If the EXTERNAL-IP field is <none>, you must to manually assign a External IP. This can be done by patching the service with an IP that can be accessed from outside the cluster. If the service type is NodePort, you can set the EXTERNAL-IP to any node’s IP address:

# Patch the nginx ingress service with an external IP. Can be any node's IP if using NodePort service.
# Replace <IP> in the following command with the IP you select.
$ kubectl patch svc ingress-nginx-controller -n ingress-nginx -p '{"spec": {"externalIPs": ["<IP>"]}}'

If the EXTERNAL-IP field is left as <none>, SkyPilot will use localhost as the external IP for the Ingress, and the endpoint may not be accessible from outside the cluster.
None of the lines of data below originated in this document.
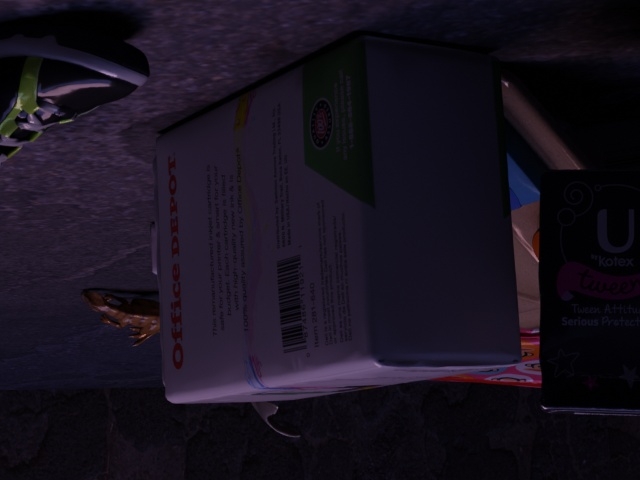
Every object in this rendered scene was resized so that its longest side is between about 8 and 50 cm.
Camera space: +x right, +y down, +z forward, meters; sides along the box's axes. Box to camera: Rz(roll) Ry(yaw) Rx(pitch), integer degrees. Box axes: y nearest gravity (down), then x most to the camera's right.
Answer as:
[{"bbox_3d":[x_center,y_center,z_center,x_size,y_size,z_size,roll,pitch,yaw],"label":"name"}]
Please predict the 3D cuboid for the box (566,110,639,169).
[{"bbox_3d":[0.279,-0.025,1.255,0.094,0.113,0.275,-9,168,18],"label":"box"}]

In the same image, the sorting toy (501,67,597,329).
[{"bbox_3d":[0.114,-0.008,1.141,0.229,0.041,0.307,44,154,-13],"label":"sorting toy"}]

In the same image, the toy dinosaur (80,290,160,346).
[{"bbox_3d":[-0.212,0.098,1.958,0.211,0.064,0.112,2,168,-29],"label":"toy dinosaur"}]

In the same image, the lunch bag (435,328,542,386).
[{"bbox_3d":[0.173,0.103,1.824,0.293,0.120,0.258,3,160,4],"label":"lunch bag"}]

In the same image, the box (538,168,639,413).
[{"bbox_3d":[0.255,0.034,0.899,0.247,0.142,0.163,1,173,9],"label":"box"}]

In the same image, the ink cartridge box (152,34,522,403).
[{"bbox_3d":[0.000,0.000,1.028,0.117,0.201,0.278,3,169,-32],"label":"ink cartridge box"}]

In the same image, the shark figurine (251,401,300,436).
[{"bbox_3d":[-0.048,0.111,1.904,0.166,0.278,0.116,23,136,16],"label":"shark figurine"}]

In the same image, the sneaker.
[{"bbox_3d":[-0.202,-0.063,0.899,0.234,0.097,0.084,-8,170,25],"label":"sneaker"}]

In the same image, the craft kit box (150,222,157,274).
[{"bbox_3d":[-0.030,0.017,1.577,0.246,0.061,0.250,-2,170,8],"label":"craft kit box"}]

  1. Update the SkyPilot config at ~/.sky/config to use the ingress mode.

  ports: ingress


For RKE2 and K3s, the pre-installed Nginx ingress is not correctly configured by default. Follow the bare-metal installation instructions to set up the Nginx ingress controller correctly.

When using this mode, SkyPilot creates an ingress resource and a ClusterIP service for each port opened. The port can be accessed externally by using the Ingress URL plus a path prefix of the form /skypilot/{pod_name}/{port}.

Use sky status --endpoints <cluster> to view the full endpoint URLs for all ports.

$ sky status --endpoints mycluster


When exposing a port under a sub-path such as an ingress, services expecting root path access, (e.g., Jupyter notebooks) may face issues. To resolve this, configure the service to operate under a different base URL. For Jupyter, use –NotebookApp.base_url flag during launch. Alternatively, consider using LoadBalancer mode.


Currently, SkyPilot does not support opening ports on a Kubernetes cluster using the Gateway API. If you are interested in this feature, please reach out.

Observability for Administrators#

All SkyPilot tasks are run in pods inside a Kubernetes cluster. As a cluster administrator, you can inspect running pods (e.g., with kubectl get pods -n namespace) to check which tasks are running and how many resources they are consuming on the cluster.

Additionally, you can also deploy tools such as the Kubernetes dashboard for easily viewing and managing SkyPilot tasks running on your cluster.

Kubernetes Dashboard

As a demo, we provide a sample Kubernetes dashboard deployment manifest that you can deploy with:

$ kubectl apply -f https://raw.githubusercontent.com/skypilot-org/skypilot/master/tests/kubernetes/scripts/dashboard.yaml

To access the dashboard, run:

$ kubectl proxy

In a browser, open http://localhost:8001/api/v1/namespaces/kubernetes-dashboard/services/https:kubernetes-dashboard:/proxy/ and click on Skip when prompted for credentials.

Note that this dashboard can only be accessed from the machine where the kubectl proxy command is executed.


The demo dashboard is not secure and should not be used in production. Please refer to the Kubernetes documentation for more information on how to set up access control for the dashboard.

Troubleshooting Kubernetes Setup#

If you encounter issues while setting up your Kubernetes cluster, please refer to the troubleshooting guide to diagnose and fix issues.